> **Problem**
In the records below, repeat exactly the lines between the line holding "Identify the document elements. Format: label [x1, y1, x2, y2]." and the line holding "Rendered at 825 by 1275 pixels.", inclusive, and drop the pictures.

> **Raw data**
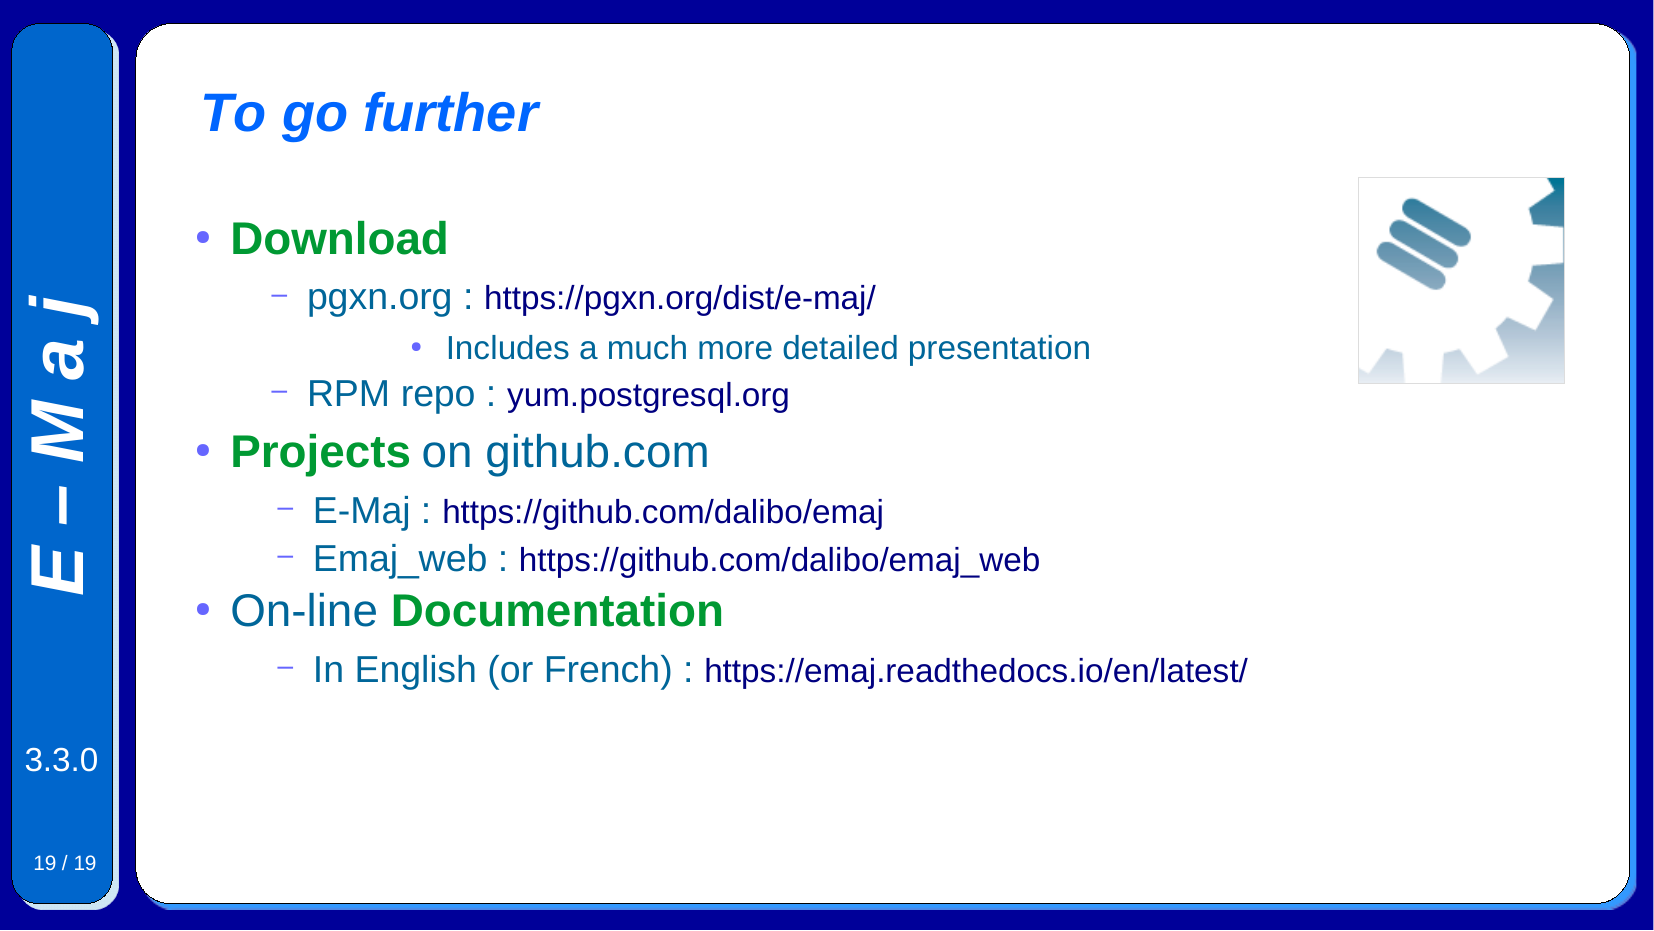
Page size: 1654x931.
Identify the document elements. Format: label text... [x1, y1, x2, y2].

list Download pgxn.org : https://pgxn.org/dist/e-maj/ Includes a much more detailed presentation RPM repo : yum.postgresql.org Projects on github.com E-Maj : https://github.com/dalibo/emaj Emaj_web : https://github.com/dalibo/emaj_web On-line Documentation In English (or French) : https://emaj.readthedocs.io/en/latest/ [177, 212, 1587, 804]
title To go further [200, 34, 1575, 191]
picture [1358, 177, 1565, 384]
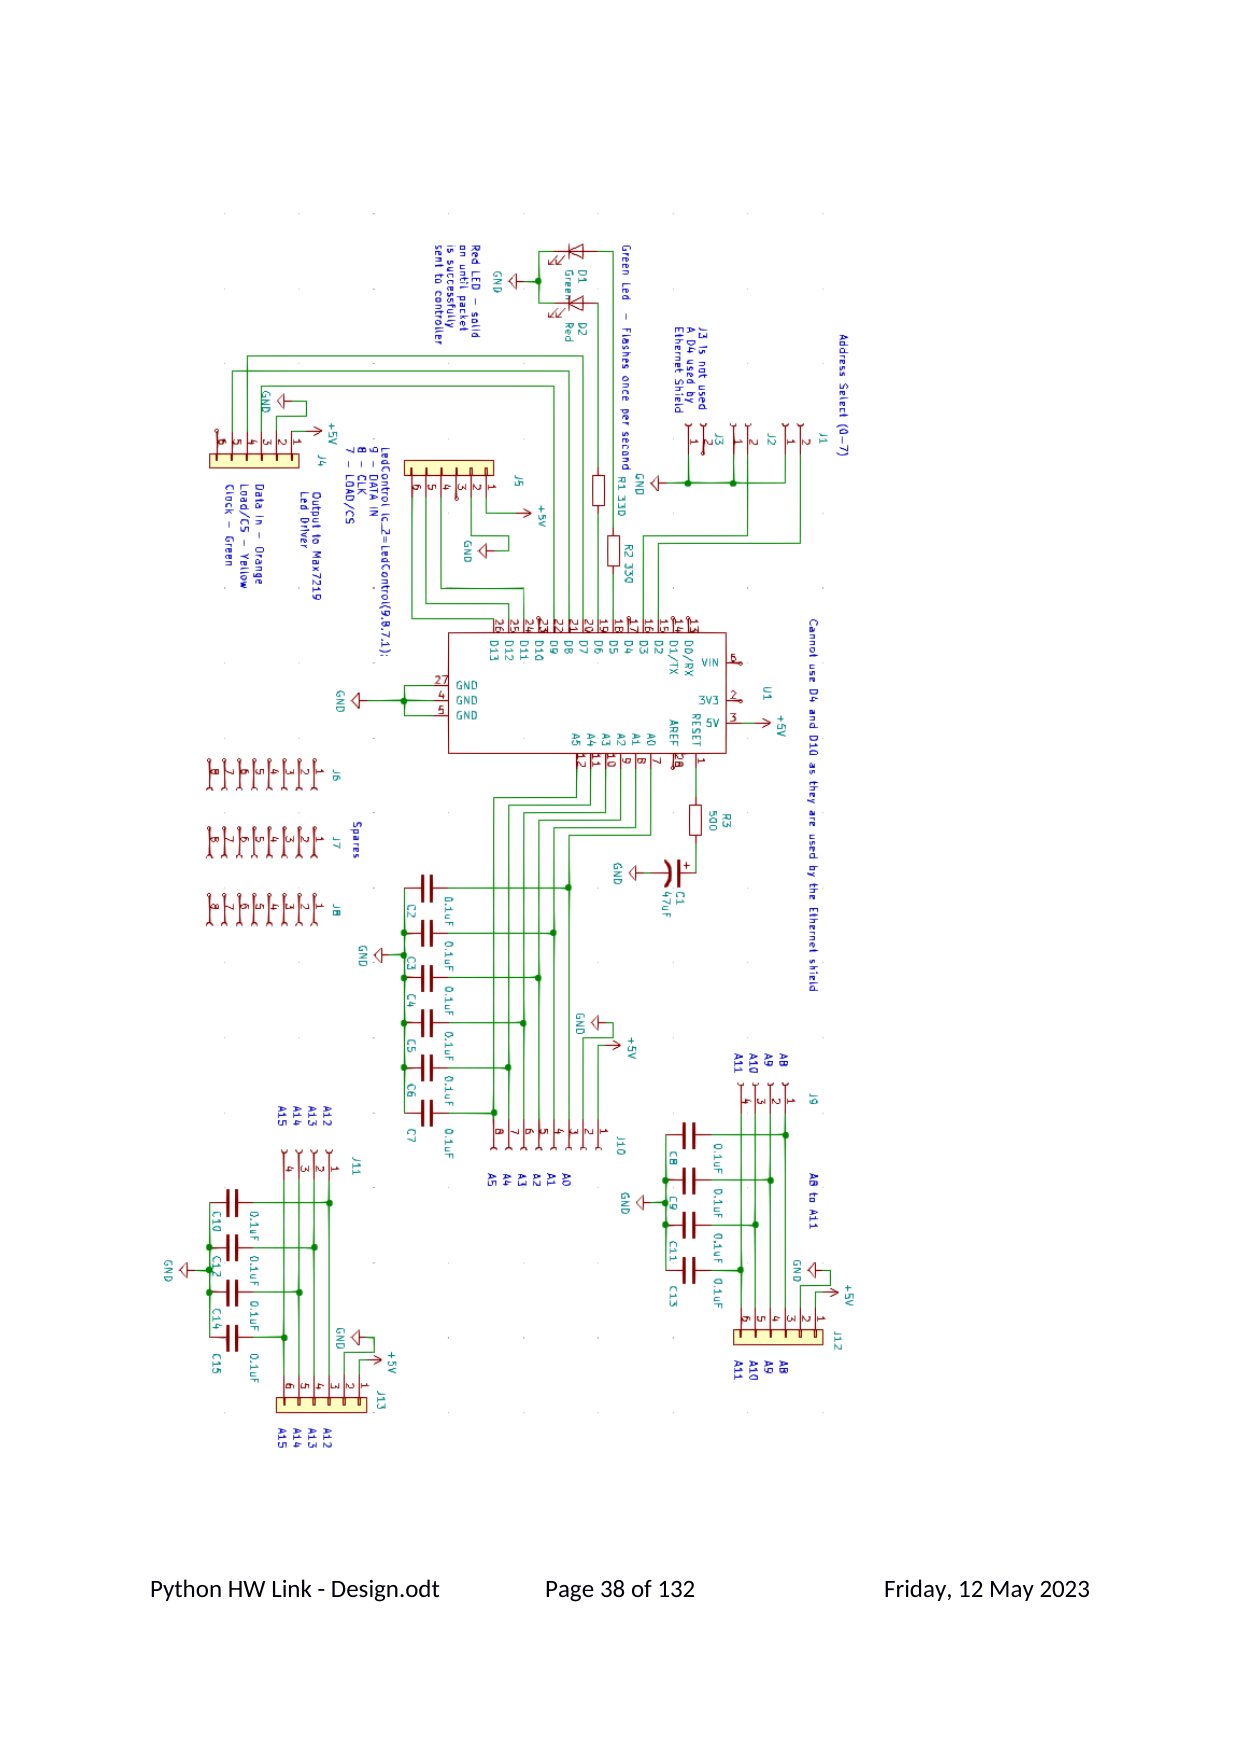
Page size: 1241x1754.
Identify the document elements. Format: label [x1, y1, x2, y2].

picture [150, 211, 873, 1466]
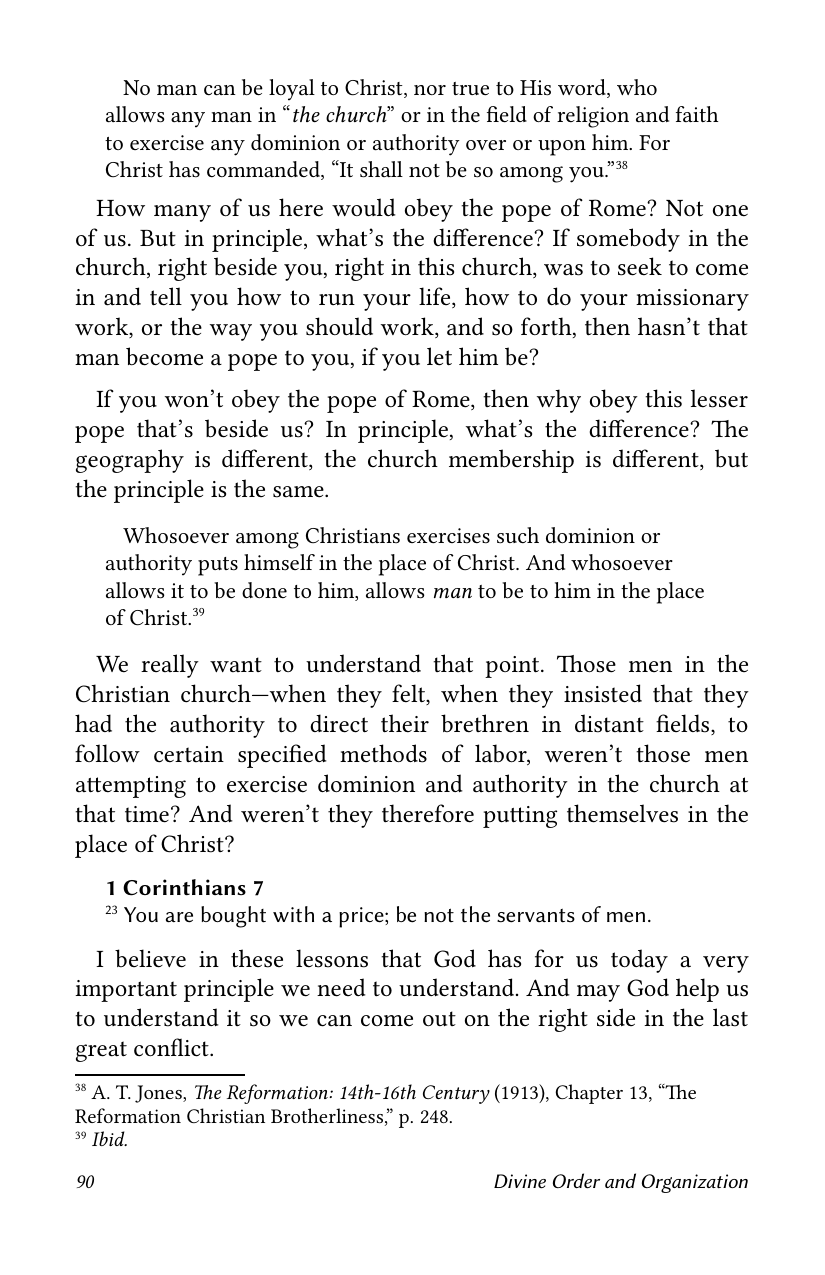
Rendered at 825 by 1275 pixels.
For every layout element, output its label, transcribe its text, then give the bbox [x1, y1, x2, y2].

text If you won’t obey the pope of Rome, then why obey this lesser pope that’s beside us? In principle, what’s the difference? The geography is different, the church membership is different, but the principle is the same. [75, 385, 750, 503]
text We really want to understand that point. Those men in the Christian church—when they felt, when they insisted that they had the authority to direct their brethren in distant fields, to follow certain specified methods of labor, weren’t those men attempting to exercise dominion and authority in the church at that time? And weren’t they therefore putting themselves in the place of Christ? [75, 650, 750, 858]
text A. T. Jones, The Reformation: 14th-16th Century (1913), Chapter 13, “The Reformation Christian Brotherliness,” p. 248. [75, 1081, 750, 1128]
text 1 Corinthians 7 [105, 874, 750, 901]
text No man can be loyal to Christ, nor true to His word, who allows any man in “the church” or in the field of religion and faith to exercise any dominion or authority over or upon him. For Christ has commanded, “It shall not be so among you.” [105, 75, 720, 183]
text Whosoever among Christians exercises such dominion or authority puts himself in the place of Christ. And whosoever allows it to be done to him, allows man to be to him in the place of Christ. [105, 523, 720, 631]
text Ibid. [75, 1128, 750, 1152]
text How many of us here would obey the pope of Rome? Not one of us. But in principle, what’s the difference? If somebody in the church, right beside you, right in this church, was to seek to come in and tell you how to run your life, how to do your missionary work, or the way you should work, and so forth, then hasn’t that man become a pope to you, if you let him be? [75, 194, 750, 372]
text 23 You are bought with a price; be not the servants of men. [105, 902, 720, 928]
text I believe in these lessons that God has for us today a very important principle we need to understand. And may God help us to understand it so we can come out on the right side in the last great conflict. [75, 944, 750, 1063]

> **Answer section**
Identify the document elements. Format: label [x1, y1, x2, y2].

picture [150, 211, 873, 1466]
Rendered at 825 by 1275 pixels.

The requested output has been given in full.